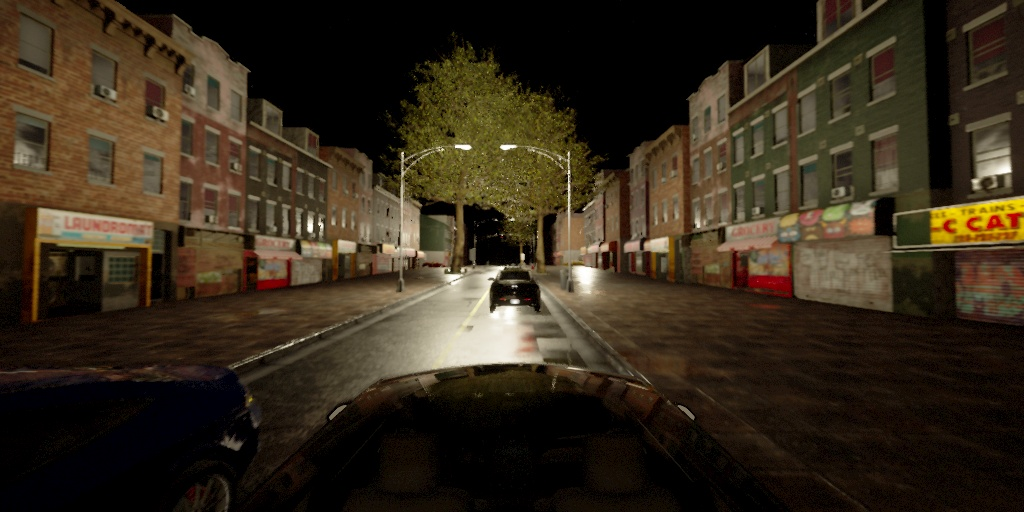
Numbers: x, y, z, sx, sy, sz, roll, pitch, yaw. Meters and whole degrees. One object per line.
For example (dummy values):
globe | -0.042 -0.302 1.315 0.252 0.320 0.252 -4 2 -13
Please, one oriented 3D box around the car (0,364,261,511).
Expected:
car | -2.845 1.275 0.936 1.812 1.442 4.674 0 0 0

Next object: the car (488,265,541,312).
car | 0.099 1.267 14.324 1.837 1.490 4.892 0 0 0
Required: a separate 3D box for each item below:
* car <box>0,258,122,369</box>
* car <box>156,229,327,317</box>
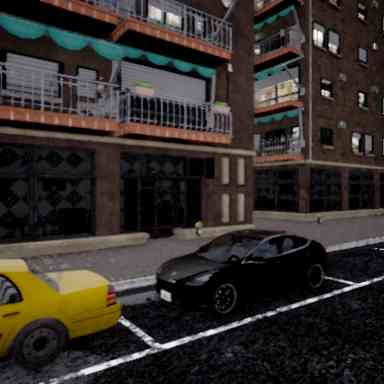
[{"bbox_3d":[-3.349,1.527,4.167,4.829,1.417,1.752,0,0,-35],"label":"car"},{"bbox_3d":[1.286,1.552,7.472,4.313,1.339,1.947,0,0,-35],"label":"car"}]
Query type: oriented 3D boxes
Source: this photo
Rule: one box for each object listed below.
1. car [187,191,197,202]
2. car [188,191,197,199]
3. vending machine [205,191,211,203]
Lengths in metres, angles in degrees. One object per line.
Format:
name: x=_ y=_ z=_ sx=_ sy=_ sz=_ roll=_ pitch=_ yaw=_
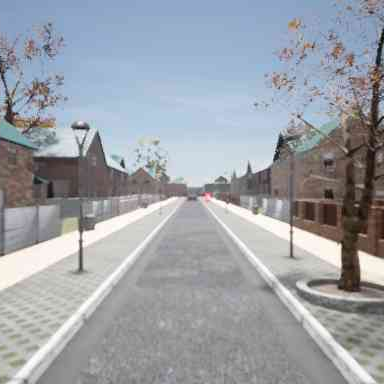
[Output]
car: x=0.055 y=1.065 z=70.496 sx=2.097 sy=1.767 sz=4.553 roll=0 pitch=0 yaw=0
car: x=0.067 y=0.749 z=84.475 sx=2.150 sy=2.045 sz=5.566 roll=0 pitch=0 yaw=0
vending machine: x=3.032 y=0.961 z=61.984 sx=1.100 sy=2.100 sz=0.880 roll=-1 pitch=-1 yaw=0
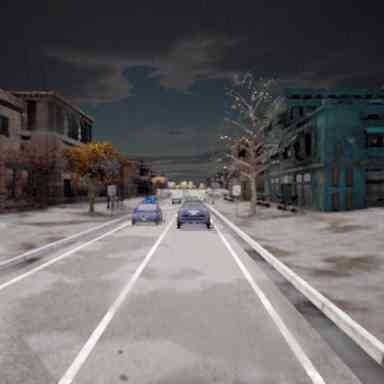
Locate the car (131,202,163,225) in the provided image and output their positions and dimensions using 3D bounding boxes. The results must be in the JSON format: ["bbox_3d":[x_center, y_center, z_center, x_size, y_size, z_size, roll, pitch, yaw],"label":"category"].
───
§ **PROBLEM DESCRIPTION**: Transcribe each entry exactly, pictures excluded.

§ **YOUR RESPONSE**:
Numbers: x, y, z, sx, sy, sz, roll, pitch, yaw. Meters and whole degrees. One object per line.
For example (dummy values):
globe | -0.042 -0.302 1.315 0.252 0.320 0.252 -4 2 -13
Please, one oriented 3D box around the car (0,364,261,511).
Expected:
car | -2.845 1.275 0.936 1.812 1.442 4.674 0 0 0

Next object: the car (488,265,541,312).
car | 0.099 1.267 14.324 1.837 1.490 4.892 0 0 0
Required: a separate 3D box for each item below:
* car <box>0,258,122,369</box>
* car <box>156,229,327,317</box>
[{"bbox_3d":[-3.349,1.527,4.167,4.829,1.417,1.752,0,0,-35],"label":"car"},{"bbox_3d":[1.286,1.552,7.472,4.313,1.339,1.947,0,0,-35],"label":"car"}]
Query type: oriented 3D boxes
Source: this photo
Rule: one box for each object listed below.
1. car [187,191,197,202]
2. car [188,191,197,199]
3. vending machine [205,191,211,203]
Lengths in metres, angles in degrees. One object per line.
Format:
name: x=_ y=_ z=_ sx=_ sy=_ sz=_ roll=_ pitch=_ yaw=_
[Output]
car: x=0.055 y=1.065 z=70.496 sx=2.097 sy=1.767 sz=4.553 roll=0 pitch=0 yaw=0
car: x=0.067 y=0.749 z=84.475 sx=2.150 sy=2.045 sz=5.566 roll=0 pitch=0 yaw=0
vending machine: x=3.032 y=0.961 z=61.984 sx=1.100 sy=2.100 sz=0.880 roll=-1 pitch=-1 yaw=0
Locate the car (131,202,163,225) in the provided image and output their positions and dimensions using 3D bounding boxes. The results must be in the JSON format: ["bbox_3d":[x_center, y_center, z_center, x_size, y_size, z_size, roll, pitch, yaw],"label":"category"].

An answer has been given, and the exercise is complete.